Yeah, "one way or another, this darkness has got to give!"

 

Just curious as to your response. So I hear that Macron shouldn't have called for those elections and the right wing  have made big gains?  What are your thoughts ?

From what I've followed, there's some similarities here:

  • unpopular president
  • right wing on the rise
  • resentment to EU rules & taxes - especially in the agriculture industry

But the French election process is different than the US.  There is a second round if the leading vote getter doesn't receive > 50% of the vote.  So the RN is running about 37% or so nationally.  Macron's party is in 3rd place with about 20%.  It's difficult to say what the election results will be since in constituencies where the RN candidate is the top vote getter the voters for candidates not in the top 2 may unite behind the 2nd place candidate to vote against the RN.
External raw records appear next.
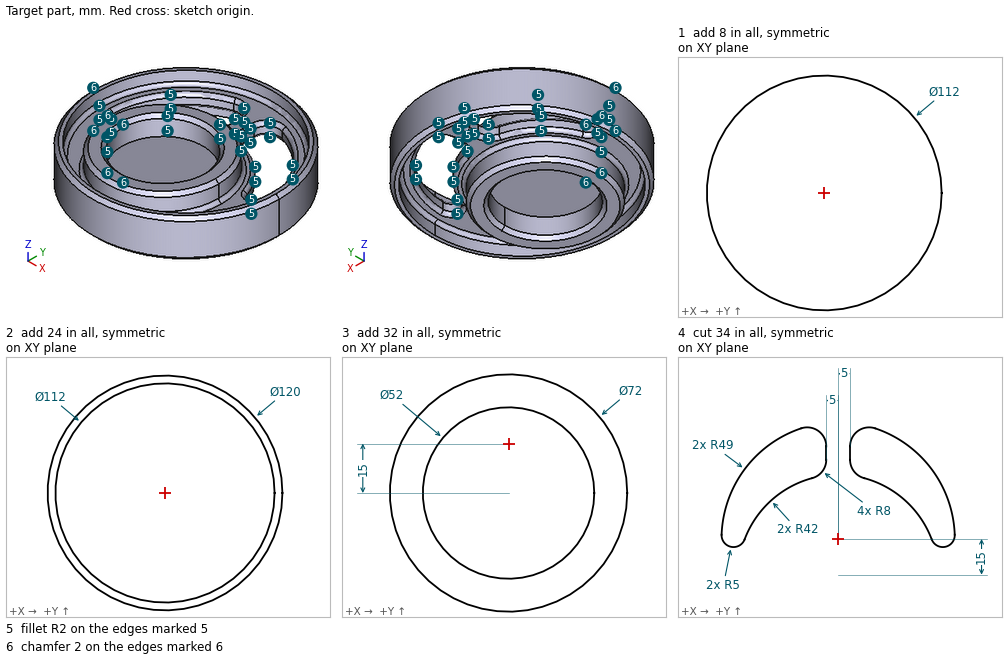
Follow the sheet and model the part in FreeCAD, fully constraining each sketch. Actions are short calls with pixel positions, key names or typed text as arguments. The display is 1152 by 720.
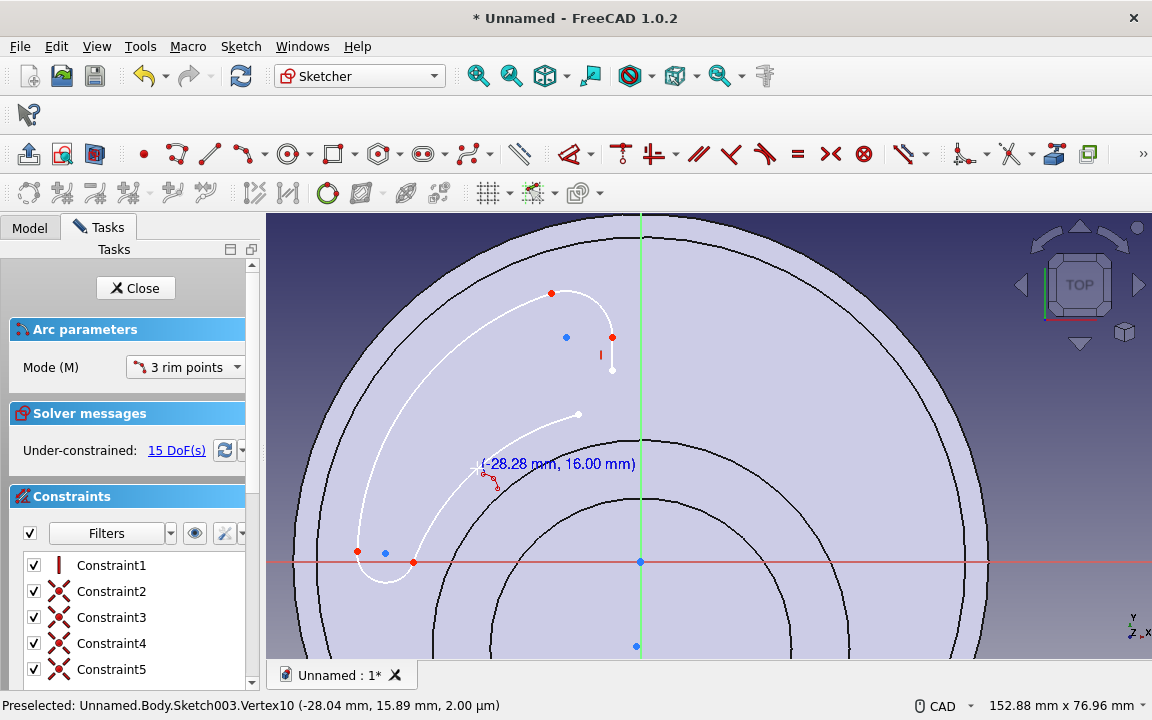
click(578, 415)
click(612, 370)
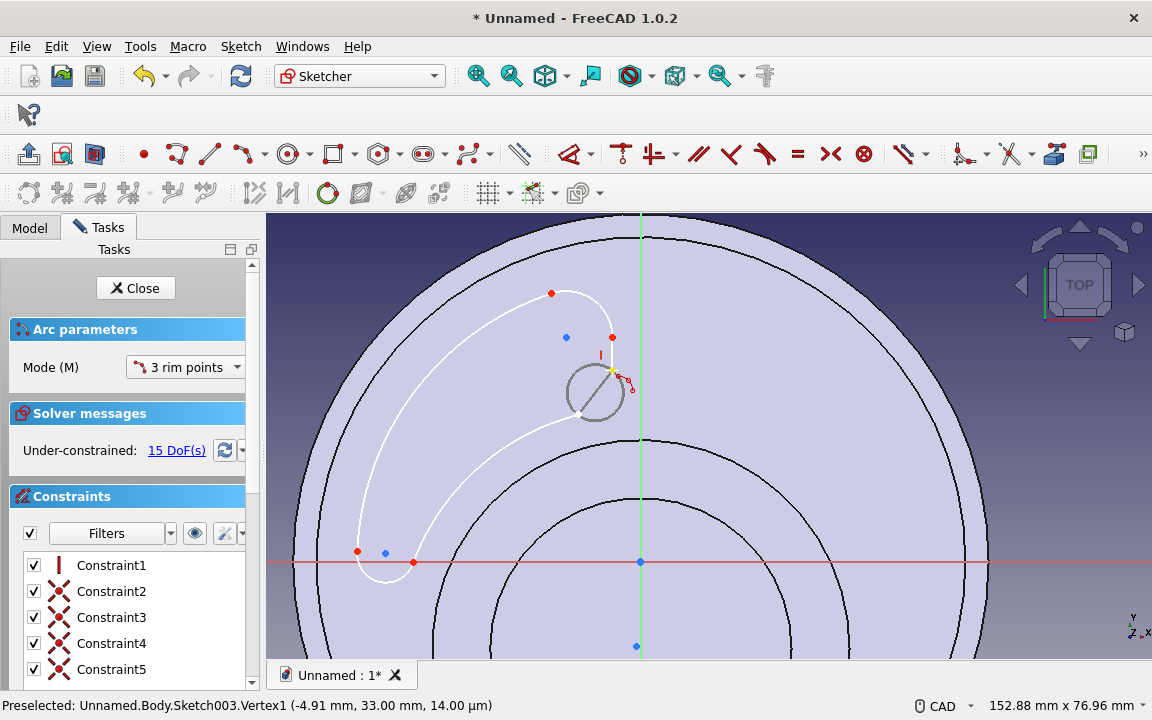
scroll(602, 397, up, 3)
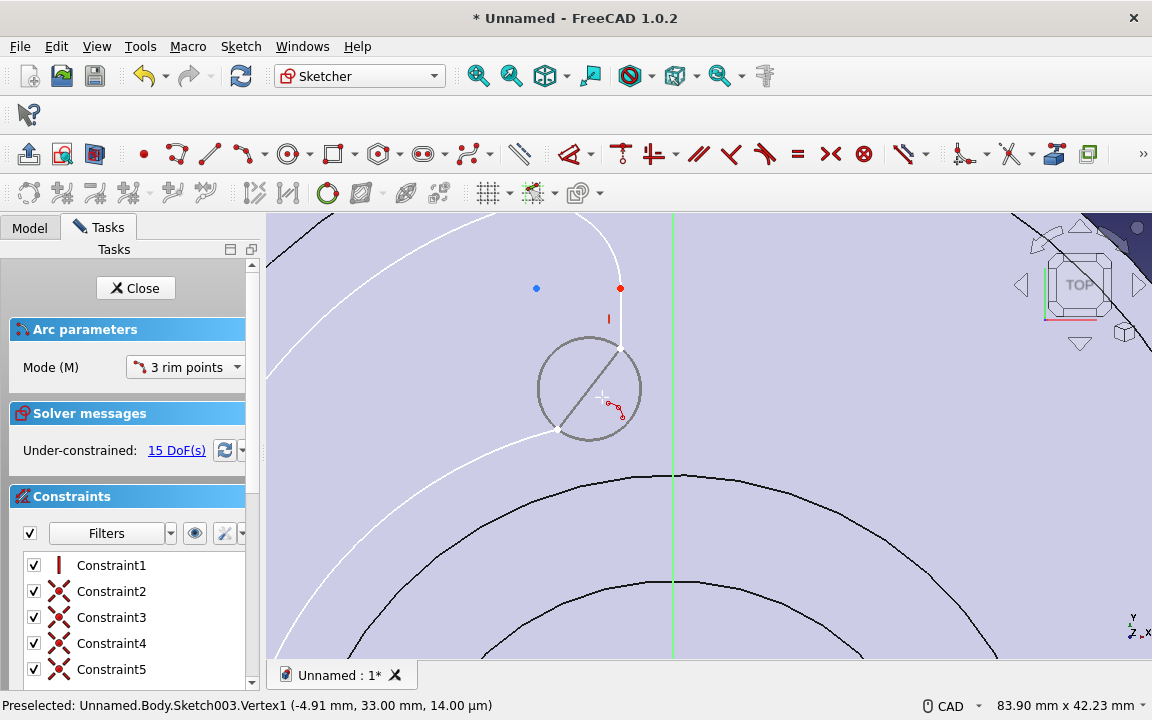
click(602, 397)

I read that Macron's strategy may be similar to a  Mitterand inviting the Communist Party into  shared power so that they would have to take responsibility in the parliament for their policies which failed. Macron assumes the RN will fail this time.  Sounds a bit risky.

The debates here are more real debates.  
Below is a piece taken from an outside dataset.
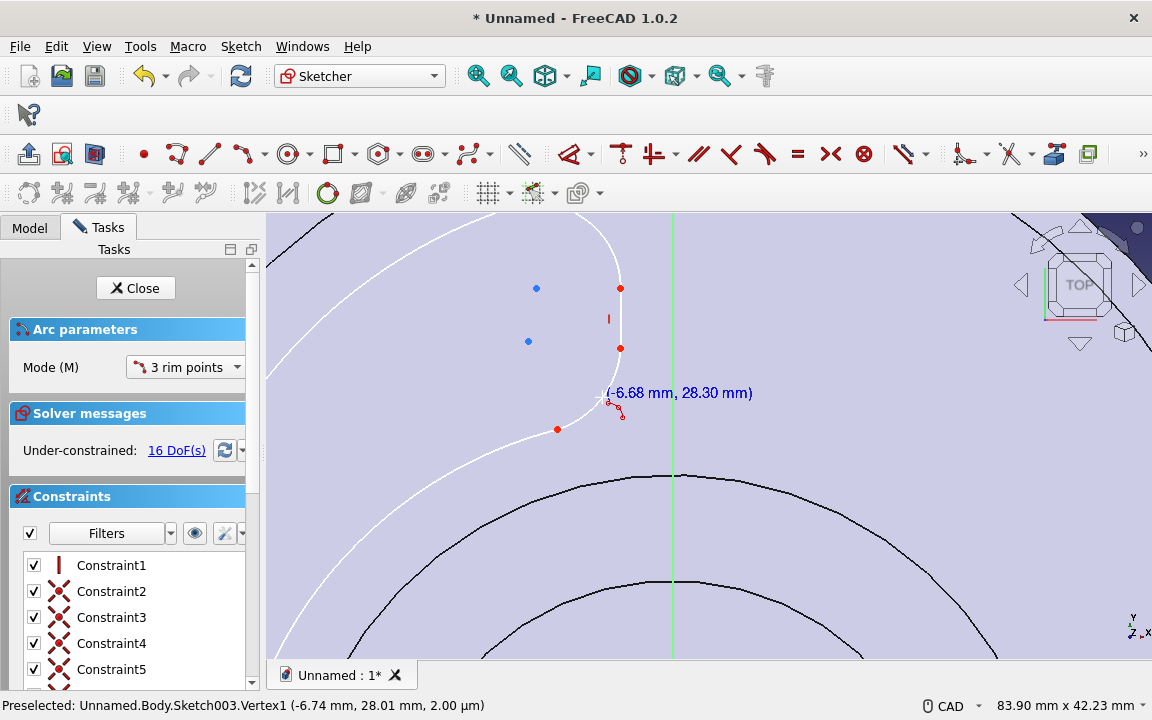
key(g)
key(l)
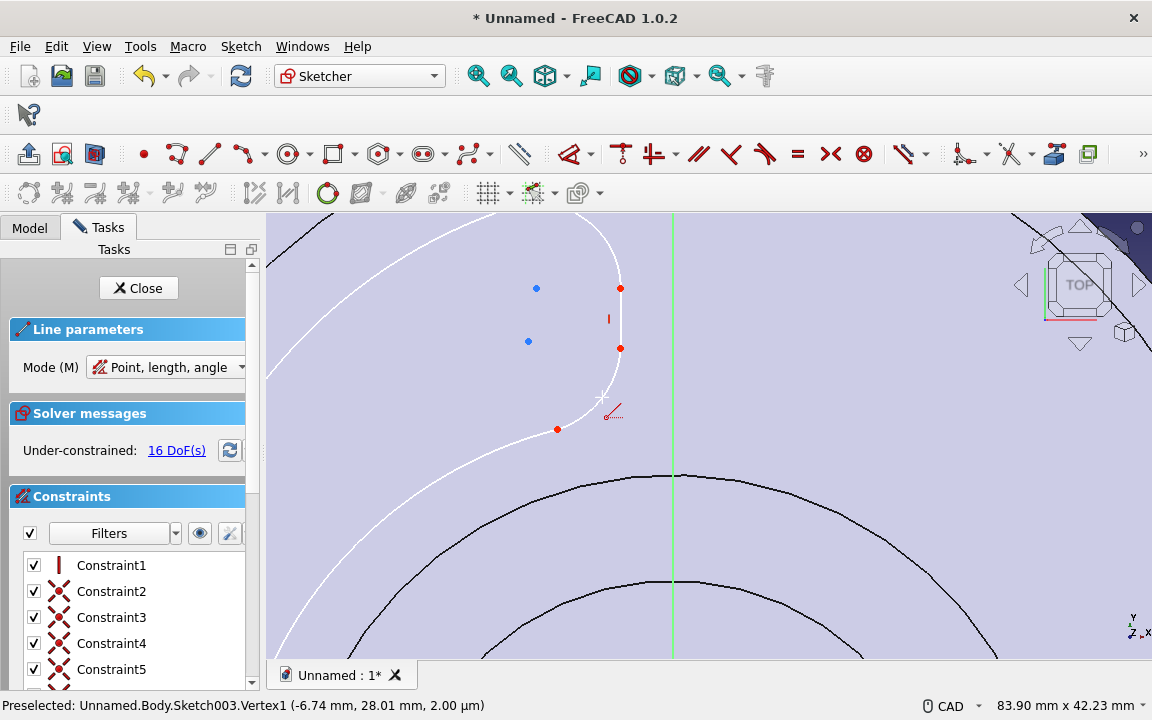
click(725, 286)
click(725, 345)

My wife said the US debate was more like two high school kids arguing.

I do like the French system with 2 rounds of voting.  I think it would end the 2 parties in the US  nominating candidates with low approval ratings & stop the political system generating candidates who are bought and paid for & make the winning candidates more open to implementing 3rd party programs.

*******

Where'd you hit in southern Europe?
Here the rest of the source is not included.